I watched all of the episodes of the Clone Wars cartoons recently. I had the first ten on tape for a while, but Teletoon has been airing the last 15 lately. It’s actually getting me pretty fired up for the movie. I went to starwars.com and looked at all the little commercials for ep iii as well. I sure hope it’s good. Or at least as good as Attack of the Clones, I don’t think that’s too much to ask. I heard Kevin Smith gave it a good review, but considering I hated Dogma, I’m not taking that too much to heart. Anyway – Clone Wars. Pretty good. The animation is good all around. It’s pretty clear that they used computers to animate the ships, but it’s clear because they move so fluidly, not because the style is different. Like in Futurama, the computer animated object style matches perfectly with the traditional animation. I wish they’d do that on Justice League.

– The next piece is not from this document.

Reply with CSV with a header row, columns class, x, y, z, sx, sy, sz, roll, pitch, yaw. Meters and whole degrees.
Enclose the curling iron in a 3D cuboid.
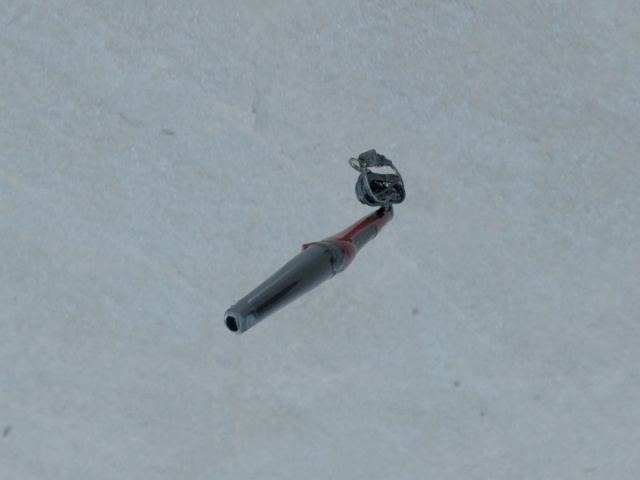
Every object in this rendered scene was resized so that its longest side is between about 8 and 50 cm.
class,x,y,z,sx,sy,sz,roll,pitch,yaw
curling iron,0.000,0.000,0.663,0.035,0.274,0.068,-16,106,35

The one thing that bugs me the most in the cartoons is that the jedis seem overpowered, and their abilities are a little inconsistent with the films. Yoda, for example, uses the force to smash a big droid battle cruiser (the things that landed on Naboo and carried the droid army) into another one. Mace Windu piloted a droid ship by punching his hand into it and using the wires as reins. Stuff like that.
One thing that cartoons often fail at is interesting fight scenes – like sword fights. You just don’t get the ballet-like …what’s the word I’m looking for? Not orchestration. Anyway, that’s one thing that Genndy Tartakovsky seems to be pretty good at (see Samurai Jack). Sometimes (and not just in cartoons) you can clearly see what’s going on in the fight, but it’s too static. Other times the fight is dynamic, but you can’t tell what’s happening (like in movies where the actors actually have no fighting skills so they just use quick edits and CG). Tartakovsky uses interesting angles and interesting environments and interesting moves, all mixed up, and it’s good. It suffers a little bit from G.I. Joe syndrome, in which droids get mowed down but clones rarely get hit, but it’s not too bad. You do get the sense that living things are killed, which is what war is all about.
Another thing that impressed me is the voice acting. Not that the dialogue was particularly amazing (it was good), or that the delivery was bone-chilling, but that considering that Anthony Daniels was the only original voice from the films the voices were well cast. Yoda sounded like Oz, Windu sounded like Jackson, and Anakin sounded like Christensen – only better! They also introduced General Grievous, who [SPOILER SPOILER] will be in the movie and who is a jedi-whoppin’ cyborg sith.